*Records provided*.
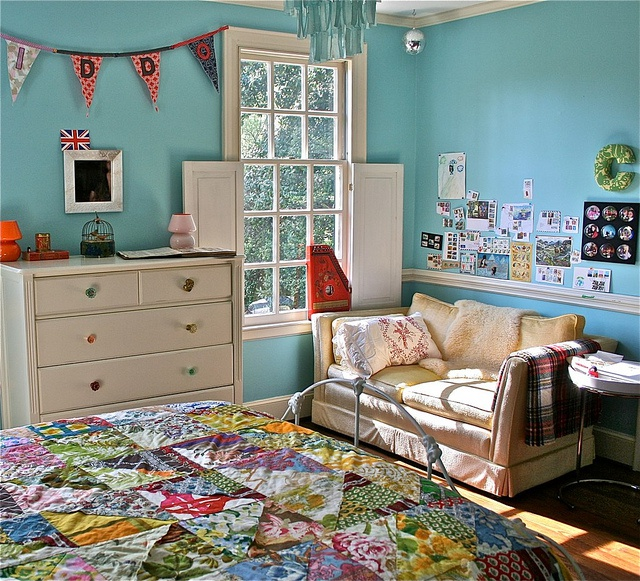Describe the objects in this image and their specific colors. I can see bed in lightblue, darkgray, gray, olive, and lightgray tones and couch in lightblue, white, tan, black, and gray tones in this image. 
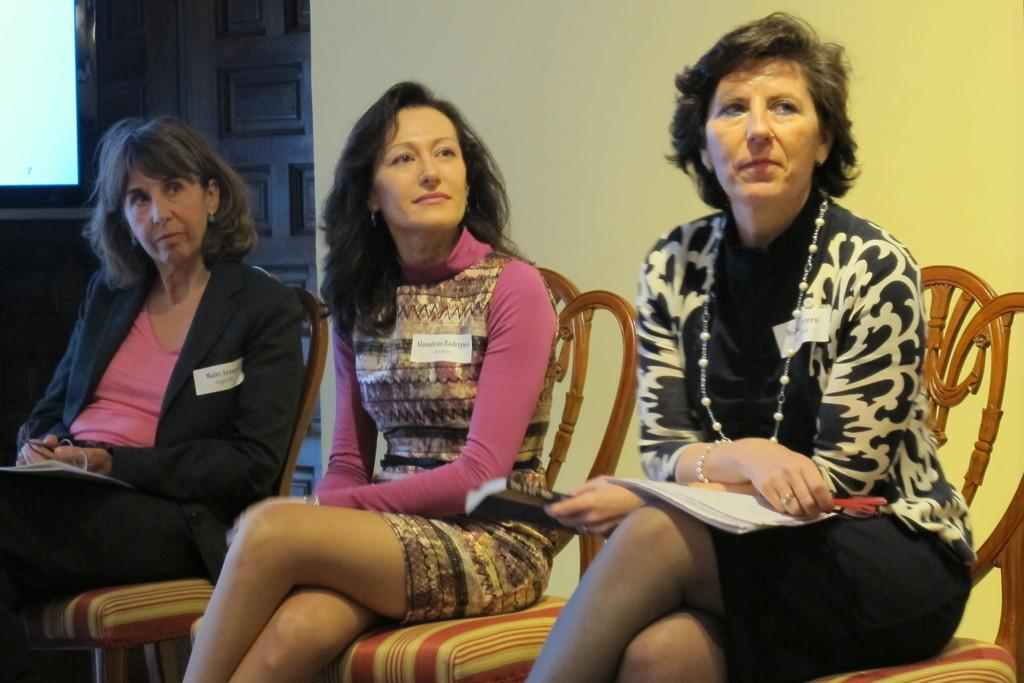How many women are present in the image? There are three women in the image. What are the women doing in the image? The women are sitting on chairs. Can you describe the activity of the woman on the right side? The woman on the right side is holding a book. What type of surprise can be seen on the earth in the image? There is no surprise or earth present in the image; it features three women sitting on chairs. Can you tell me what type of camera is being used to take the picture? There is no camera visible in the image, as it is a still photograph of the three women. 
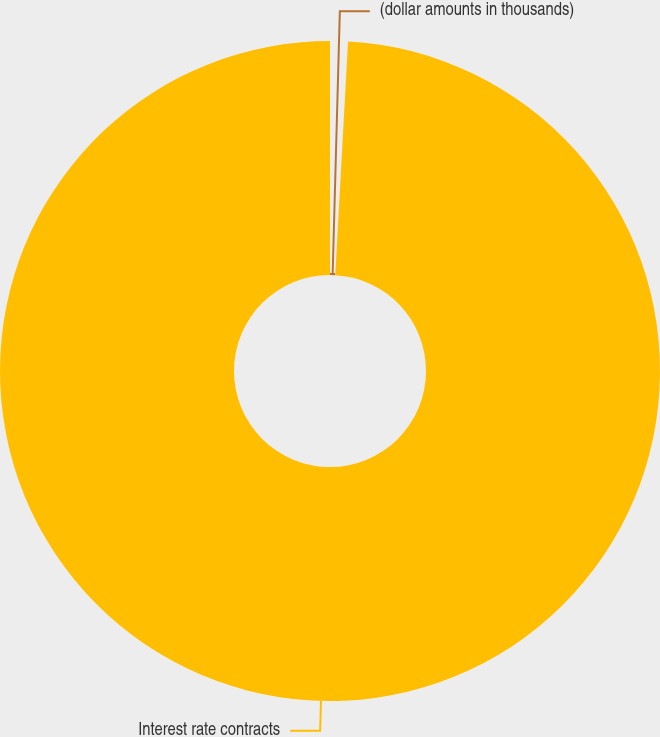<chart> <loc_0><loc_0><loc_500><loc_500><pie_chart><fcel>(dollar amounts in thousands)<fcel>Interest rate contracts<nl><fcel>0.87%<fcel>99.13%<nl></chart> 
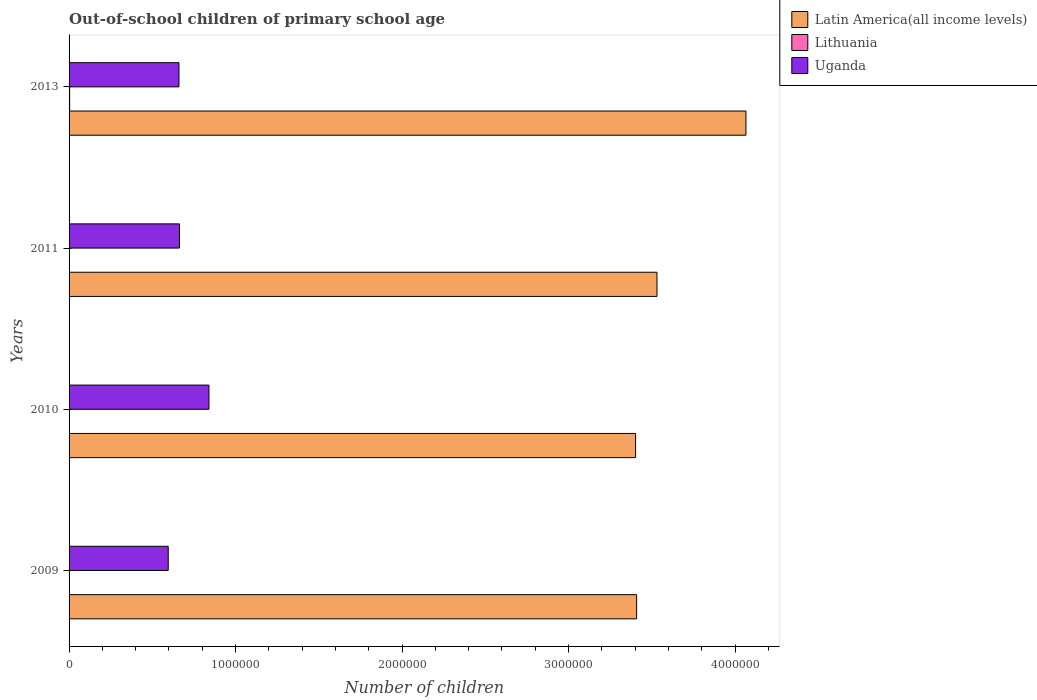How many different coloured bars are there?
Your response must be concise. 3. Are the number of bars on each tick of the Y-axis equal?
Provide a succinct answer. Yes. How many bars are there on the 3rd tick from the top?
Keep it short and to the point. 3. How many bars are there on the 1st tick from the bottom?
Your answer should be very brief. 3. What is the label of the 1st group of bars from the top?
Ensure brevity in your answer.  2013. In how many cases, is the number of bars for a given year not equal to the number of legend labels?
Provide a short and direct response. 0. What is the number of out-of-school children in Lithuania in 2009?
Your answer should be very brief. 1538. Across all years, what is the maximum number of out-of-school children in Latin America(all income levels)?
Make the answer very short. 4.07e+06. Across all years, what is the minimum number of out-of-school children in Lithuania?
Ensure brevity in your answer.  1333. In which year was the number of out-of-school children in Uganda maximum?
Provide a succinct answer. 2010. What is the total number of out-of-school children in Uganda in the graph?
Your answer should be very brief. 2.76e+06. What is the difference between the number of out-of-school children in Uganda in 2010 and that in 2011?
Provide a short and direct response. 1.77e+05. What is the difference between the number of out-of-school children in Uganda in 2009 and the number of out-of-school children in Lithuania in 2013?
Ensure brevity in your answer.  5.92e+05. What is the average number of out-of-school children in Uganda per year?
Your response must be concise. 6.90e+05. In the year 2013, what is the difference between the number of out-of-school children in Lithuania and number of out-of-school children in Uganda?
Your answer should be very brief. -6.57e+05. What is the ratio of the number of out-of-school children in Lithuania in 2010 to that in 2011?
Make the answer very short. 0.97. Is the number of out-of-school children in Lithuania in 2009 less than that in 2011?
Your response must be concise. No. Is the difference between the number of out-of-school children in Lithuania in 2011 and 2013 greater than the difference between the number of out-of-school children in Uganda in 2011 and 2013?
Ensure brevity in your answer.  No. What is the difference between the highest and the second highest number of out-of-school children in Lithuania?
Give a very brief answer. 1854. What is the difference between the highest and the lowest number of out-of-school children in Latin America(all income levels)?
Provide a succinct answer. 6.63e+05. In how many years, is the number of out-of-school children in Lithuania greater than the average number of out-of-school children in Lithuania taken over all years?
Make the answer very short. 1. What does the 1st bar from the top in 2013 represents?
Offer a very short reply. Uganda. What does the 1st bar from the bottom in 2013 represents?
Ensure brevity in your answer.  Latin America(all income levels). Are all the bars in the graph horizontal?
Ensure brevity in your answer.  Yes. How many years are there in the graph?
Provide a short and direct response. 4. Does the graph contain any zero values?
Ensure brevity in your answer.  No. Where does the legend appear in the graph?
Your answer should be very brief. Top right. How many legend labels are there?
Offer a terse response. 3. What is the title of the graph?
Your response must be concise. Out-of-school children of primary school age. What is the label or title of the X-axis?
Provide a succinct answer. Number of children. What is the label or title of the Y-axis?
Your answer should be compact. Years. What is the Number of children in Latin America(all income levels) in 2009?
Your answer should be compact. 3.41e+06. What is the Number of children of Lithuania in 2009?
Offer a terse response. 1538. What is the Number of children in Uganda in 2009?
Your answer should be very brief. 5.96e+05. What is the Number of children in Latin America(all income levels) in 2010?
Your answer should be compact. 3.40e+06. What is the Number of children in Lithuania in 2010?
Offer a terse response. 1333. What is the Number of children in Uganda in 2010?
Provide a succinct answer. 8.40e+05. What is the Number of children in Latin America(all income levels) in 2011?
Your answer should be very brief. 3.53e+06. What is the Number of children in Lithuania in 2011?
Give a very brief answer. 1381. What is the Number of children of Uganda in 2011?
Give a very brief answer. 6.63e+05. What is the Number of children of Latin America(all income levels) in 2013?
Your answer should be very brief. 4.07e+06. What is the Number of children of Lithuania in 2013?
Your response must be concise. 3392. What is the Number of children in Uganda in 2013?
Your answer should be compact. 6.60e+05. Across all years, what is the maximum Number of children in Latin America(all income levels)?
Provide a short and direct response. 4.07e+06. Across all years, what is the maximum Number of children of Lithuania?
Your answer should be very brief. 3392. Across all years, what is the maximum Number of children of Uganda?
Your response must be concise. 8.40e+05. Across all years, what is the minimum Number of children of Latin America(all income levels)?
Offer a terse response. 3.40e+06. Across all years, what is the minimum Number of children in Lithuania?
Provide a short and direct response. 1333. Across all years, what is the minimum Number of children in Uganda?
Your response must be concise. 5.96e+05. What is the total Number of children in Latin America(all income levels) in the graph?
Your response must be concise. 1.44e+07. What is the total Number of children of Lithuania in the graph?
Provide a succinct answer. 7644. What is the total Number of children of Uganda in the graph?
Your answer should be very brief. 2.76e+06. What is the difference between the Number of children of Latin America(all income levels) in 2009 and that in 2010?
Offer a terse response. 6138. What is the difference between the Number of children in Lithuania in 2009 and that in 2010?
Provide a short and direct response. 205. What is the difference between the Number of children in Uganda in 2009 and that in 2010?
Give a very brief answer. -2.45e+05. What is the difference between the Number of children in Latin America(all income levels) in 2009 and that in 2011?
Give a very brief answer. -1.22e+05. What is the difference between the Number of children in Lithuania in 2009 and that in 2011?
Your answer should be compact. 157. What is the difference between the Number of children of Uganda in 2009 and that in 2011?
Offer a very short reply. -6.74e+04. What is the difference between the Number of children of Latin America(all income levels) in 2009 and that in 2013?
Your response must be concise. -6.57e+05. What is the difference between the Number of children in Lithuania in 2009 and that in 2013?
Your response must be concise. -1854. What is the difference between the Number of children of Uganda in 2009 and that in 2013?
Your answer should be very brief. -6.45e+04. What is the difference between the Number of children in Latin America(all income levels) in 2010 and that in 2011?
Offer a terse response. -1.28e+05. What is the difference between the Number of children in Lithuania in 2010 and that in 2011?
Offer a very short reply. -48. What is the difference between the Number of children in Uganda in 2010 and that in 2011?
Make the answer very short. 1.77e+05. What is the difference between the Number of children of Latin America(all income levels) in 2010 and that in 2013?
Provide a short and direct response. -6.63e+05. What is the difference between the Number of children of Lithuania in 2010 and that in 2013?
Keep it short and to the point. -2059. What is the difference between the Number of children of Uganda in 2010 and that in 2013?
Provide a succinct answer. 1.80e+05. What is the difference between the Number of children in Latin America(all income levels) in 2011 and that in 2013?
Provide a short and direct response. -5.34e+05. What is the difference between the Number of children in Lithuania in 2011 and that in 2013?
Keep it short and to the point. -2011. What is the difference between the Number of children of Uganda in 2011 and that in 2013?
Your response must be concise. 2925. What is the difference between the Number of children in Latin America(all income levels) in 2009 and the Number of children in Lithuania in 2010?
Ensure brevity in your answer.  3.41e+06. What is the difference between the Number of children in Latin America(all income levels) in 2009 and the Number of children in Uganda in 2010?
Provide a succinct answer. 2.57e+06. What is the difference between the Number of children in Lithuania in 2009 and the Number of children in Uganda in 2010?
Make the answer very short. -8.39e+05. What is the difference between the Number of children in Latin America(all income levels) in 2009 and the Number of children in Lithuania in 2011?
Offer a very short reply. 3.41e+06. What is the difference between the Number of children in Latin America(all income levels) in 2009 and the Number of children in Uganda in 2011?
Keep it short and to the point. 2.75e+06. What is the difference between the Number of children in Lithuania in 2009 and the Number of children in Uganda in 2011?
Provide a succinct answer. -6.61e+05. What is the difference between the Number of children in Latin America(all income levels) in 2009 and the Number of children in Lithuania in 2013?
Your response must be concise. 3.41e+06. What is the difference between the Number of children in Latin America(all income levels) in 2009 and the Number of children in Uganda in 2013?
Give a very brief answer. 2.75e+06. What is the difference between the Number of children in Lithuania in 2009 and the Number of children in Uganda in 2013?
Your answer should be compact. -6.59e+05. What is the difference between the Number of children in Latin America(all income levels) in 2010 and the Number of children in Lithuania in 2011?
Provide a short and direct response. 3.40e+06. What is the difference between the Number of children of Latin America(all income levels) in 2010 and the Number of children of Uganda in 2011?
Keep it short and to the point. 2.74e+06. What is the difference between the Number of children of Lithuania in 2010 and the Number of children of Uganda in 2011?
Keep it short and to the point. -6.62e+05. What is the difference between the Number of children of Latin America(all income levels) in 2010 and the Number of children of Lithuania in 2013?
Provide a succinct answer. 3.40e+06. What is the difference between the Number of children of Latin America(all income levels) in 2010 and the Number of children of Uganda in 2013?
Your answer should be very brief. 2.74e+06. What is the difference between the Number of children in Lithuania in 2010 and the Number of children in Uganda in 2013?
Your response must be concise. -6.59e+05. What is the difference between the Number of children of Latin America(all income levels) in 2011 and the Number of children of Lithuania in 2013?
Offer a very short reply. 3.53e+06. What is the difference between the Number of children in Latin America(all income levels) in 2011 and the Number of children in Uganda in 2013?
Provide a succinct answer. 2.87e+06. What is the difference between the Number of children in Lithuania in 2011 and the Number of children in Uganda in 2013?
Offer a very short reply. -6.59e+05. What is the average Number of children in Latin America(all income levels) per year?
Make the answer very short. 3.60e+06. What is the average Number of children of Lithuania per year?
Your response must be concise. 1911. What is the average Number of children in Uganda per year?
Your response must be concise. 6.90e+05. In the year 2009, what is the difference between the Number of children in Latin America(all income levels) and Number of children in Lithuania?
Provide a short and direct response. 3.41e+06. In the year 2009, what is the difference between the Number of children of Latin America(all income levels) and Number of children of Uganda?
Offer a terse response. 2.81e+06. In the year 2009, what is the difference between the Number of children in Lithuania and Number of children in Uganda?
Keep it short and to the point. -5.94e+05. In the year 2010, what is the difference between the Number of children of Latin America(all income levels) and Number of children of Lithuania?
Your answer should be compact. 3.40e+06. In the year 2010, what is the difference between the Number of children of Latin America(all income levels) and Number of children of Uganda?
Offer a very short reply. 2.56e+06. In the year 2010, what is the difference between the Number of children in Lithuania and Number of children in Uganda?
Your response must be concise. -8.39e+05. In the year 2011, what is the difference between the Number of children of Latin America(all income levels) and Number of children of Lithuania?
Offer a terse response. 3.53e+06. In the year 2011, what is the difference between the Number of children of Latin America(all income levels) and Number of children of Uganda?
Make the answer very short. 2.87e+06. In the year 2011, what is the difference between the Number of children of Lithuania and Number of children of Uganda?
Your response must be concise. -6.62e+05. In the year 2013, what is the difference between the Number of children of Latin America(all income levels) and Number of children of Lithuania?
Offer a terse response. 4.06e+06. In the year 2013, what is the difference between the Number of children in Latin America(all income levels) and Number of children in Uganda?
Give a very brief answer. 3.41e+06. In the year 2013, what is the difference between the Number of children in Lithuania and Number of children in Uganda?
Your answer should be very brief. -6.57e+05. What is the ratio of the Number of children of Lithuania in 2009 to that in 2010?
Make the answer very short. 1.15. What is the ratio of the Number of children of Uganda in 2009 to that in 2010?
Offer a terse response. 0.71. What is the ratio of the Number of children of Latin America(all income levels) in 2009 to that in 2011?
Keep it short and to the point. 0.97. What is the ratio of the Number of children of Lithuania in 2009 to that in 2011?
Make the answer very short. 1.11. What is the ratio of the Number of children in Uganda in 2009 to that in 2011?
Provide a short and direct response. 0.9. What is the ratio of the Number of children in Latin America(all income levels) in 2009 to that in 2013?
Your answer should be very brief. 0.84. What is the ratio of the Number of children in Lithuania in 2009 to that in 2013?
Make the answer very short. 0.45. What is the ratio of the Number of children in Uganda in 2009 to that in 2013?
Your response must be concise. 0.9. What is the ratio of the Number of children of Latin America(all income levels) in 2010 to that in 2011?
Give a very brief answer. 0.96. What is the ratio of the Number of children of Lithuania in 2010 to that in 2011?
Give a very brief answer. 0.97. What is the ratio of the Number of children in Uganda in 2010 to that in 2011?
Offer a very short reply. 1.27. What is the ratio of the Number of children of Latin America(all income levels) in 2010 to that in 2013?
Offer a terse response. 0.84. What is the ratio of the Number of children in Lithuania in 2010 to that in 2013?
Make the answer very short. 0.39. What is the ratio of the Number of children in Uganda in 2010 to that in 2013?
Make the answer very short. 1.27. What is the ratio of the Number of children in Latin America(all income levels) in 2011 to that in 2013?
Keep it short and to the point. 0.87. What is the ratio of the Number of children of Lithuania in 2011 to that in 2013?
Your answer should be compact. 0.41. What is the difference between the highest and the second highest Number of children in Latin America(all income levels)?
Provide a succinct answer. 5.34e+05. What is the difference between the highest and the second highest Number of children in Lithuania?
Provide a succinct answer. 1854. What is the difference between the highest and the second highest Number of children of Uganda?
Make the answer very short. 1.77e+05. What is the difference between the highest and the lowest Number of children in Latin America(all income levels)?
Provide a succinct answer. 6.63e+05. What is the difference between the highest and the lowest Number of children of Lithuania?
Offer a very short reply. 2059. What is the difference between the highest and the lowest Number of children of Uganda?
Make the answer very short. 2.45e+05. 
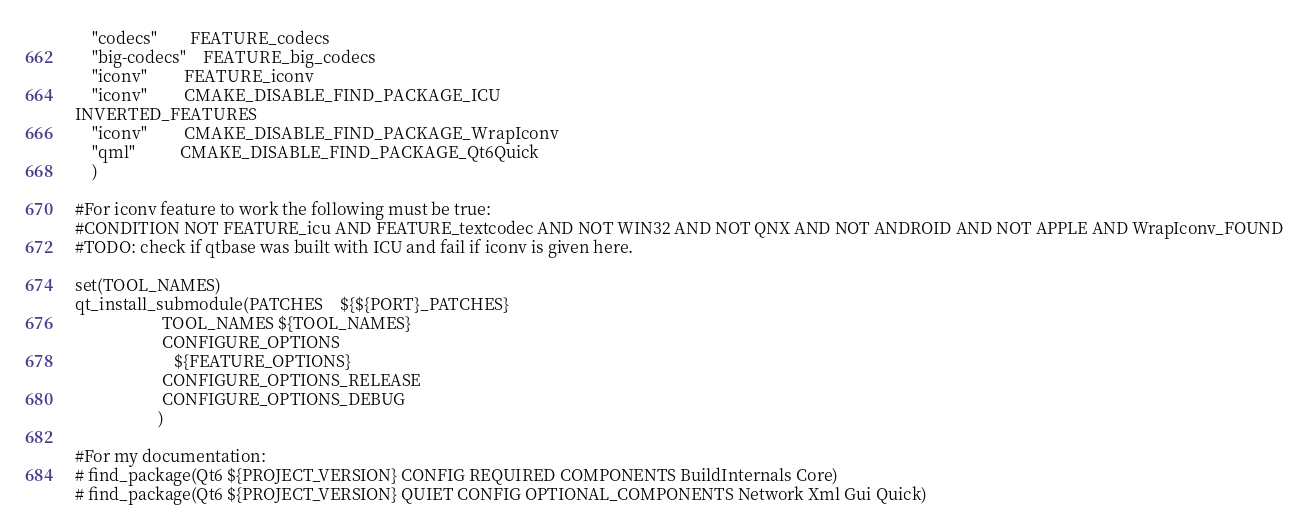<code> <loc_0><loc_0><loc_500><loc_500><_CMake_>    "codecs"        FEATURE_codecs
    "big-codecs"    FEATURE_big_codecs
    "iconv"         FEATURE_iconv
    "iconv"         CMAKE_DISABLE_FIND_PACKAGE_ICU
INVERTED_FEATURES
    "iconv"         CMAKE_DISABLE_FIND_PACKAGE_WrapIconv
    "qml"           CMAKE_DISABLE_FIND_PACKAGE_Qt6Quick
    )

*What to do*. Repeat verbatim the lines between the start of the data and the line containing "of legend labels?", both ends included, omitting all pictures.

*Answer to the exercise*.
Describe the objects in this image and their specific colors. I can see bed in lightblue, darkgray, gray, olive, and lightgray tones and couch in lightblue, white, tan, black, and gray tones in this image. 
How many women are present in the image? There are three women in the image. What are the women doing in the image? The women are sitting on chairs. Can you describe the activity of the woman on the right side? The woman on the right side is holding a book. What type of surprise can be seen on the earth in the image? There is no surprise or earth present in the image; it features three women sitting on chairs. Can you tell me what type of camera is being used to take the picture? There is no camera visible in the image, as it is a still photograph of the three women. 
<chart> <loc_0><loc_0><loc_500><loc_500><pie_chart><fcel>(dollar amounts in thousands)<fcel>Interest rate contracts<nl><fcel>0.87%<fcel>99.13%<nl></chart> 
How many different coloured bars are there?
Your response must be concise. 3. Are the number of bars on each tick of the Y-axis equal?
Provide a succinct answer. Yes. How many bars are there on the 3rd tick from the top?
Keep it short and to the point. 3. How many bars are there on the 1st tick from the bottom?
Your answer should be very brief. 3. What is the label of the 1st group of bars from the top?
Ensure brevity in your answer.  2013. In how many cases, is the number of bars for a given year not equal to the number of legend labels?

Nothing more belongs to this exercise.